> **Required action**
The answer must consist of every line from the entries that holds the word "this".

> **Information supplied**
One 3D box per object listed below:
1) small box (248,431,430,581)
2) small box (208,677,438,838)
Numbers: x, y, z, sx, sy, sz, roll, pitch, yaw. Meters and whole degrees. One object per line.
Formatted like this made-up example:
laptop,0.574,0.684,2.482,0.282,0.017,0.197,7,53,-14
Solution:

* * *

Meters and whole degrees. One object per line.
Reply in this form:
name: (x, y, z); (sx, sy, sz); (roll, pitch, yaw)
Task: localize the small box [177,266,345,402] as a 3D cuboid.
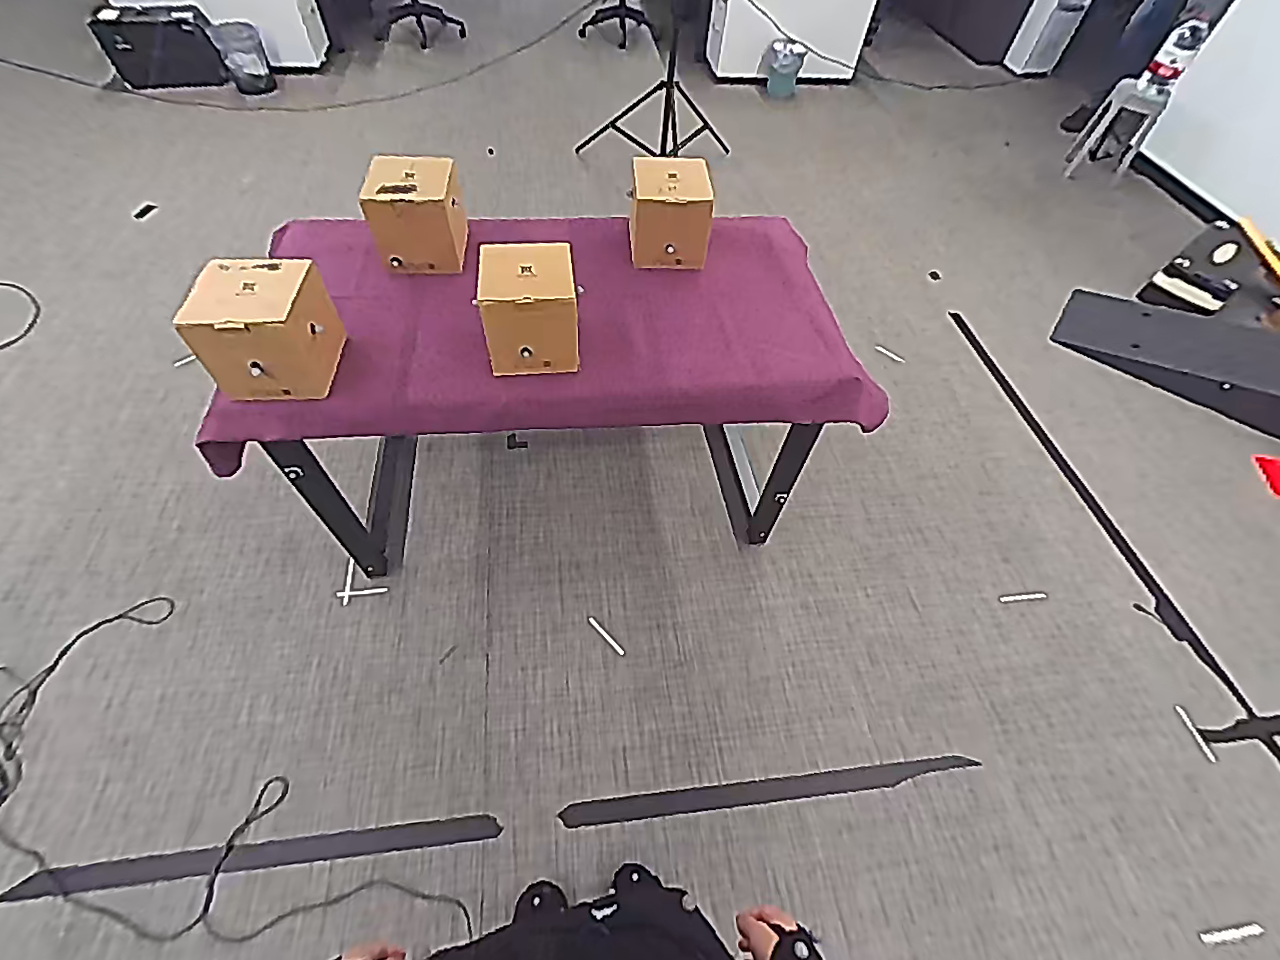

...

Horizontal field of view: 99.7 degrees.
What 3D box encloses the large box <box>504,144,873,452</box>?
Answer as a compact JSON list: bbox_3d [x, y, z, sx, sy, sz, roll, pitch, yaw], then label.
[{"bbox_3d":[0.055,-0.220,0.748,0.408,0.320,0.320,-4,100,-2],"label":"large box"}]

> **Output below**
Formatted like this made-up example:
Reply in this form:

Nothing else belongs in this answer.